Em outro depoimento concedido em março deste ano, Crivelatti falou sobre as esculturas douradas de um barco e de uma palmeira que também foram entregues a Bolsonaro em uma viagem oficial. O militar afirmou que também levou as esculturas à sede do PL. O tenente-coronel Mauro Cid tentou vender as esculturas, mas não conseguiu porque elas não eram de ouro, segundo a investigação.
Conforme Crivelatti, foi o general Mauro Lourena Cid, pai de Cid, que lhe entregou as esculturas em maio do ano passado. Na ocasião, segundo o depoente, os dois se encontraram em um restaurante em Brasília depois que o general o ligou dizendo que precisava entregar alguns bens “que seriam de propriedade do ex-presidente”.

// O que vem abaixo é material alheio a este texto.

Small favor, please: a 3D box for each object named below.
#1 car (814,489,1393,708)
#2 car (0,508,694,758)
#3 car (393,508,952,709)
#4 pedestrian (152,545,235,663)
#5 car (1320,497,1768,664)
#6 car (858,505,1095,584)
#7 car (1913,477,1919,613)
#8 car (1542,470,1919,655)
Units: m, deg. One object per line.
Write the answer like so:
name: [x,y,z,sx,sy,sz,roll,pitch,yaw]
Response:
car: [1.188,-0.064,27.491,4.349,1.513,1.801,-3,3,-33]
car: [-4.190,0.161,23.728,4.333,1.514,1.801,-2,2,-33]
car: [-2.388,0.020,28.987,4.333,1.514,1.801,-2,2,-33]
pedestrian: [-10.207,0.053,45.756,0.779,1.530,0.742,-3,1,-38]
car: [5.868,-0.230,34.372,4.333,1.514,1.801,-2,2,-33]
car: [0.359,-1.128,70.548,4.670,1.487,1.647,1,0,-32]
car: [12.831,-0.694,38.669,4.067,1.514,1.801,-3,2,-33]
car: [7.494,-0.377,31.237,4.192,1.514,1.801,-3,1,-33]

O assessor, então, afirmou que no mesmo dia levou as esculturas à sala da assessoria de Bolsonaro na sede do PL. No local, ele e Câmara consultaram o sistema que registra o acervo privado do ex-presidente e constataram que os objetos não estavam registrados. Crivelatti conta que levou as esculturas à fazenda Piquet, uma propriedade do ex-piloto de Fórmula 1 Nelson Piquet, “deixando o material junto com os itens do acervo privado do ex-presidente”.

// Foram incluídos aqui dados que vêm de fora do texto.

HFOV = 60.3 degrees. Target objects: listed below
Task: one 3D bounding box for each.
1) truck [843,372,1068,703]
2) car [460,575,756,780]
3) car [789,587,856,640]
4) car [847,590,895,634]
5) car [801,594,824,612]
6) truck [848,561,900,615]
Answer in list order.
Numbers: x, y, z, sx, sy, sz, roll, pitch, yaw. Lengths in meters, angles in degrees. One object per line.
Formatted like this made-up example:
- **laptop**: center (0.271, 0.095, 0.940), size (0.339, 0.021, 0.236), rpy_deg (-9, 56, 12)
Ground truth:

Em nota, o PL afirmou que "não tem conhecimento sobre qualquer kit de joias que tenha sido supostamente levado à sede do Partido".
"Reiteramos nosso compromisso com a transparência e a ética, e estamos à disposição para quaisquer esclarecimentos que se façam necessários. Temos também total confiança na honestidade do Presidente Bolsonaro e estamos certos de que a sua inocência prevalecerá", ressaltou.
Envelopes
Crivelatti também disse que entregou ao ex-presidente envelopes brancos repassados pelo tenente-coronel Mauro Cid. O militar afirmou à polícia que não olhou o conteúdo dos envelopes entregues ao ex-presidente em duas oportunidades, mas disse que sentiu que “envolvia um volume” e não se tratava apenas de um pedaço de papel.
Em depoimento à PF, o general Mauro Lourena disse ter entregue a Bolsonaro US$ 68 mil que foram adquiridos com a venda de relógios recebidos pela Presidência. Segundo Lourena, os repasses a Bolsonaro foram feitos "de forma fracionada".
O advogado de Osmar Crivelatti, Flávio Raupp, afirmou que está analisando o que foi tornado público e frisou que, desde que assumiu a defesa do militar, ele contribuiu para esclarecer os fatos.
– O próprio Cid (...) declarou que o Crivelatti somente tomou conhecimento dos fatos no momento de resolver a bobagem que fizeram, vender o acervo privado, sem consulta à União – disse.
Já o advogado de Câmara, Eduardo Kuntz, ressaltou que "recebeu com profunda consternação e surpresa a informação" de que o militar foi indiciado pela PF. "Todas as ações realizadas pelo coronel, enquanto exercia a função de assessor do ex-chefe do Poder Executivo e responsável pelo acervo presidencial, foram realizadas no sentido de manter total zelo e cuidado com referidos documentos, nos termos da legislação em vigor, sendo incompreensível a sua inclusão nesta investigação", pontuou.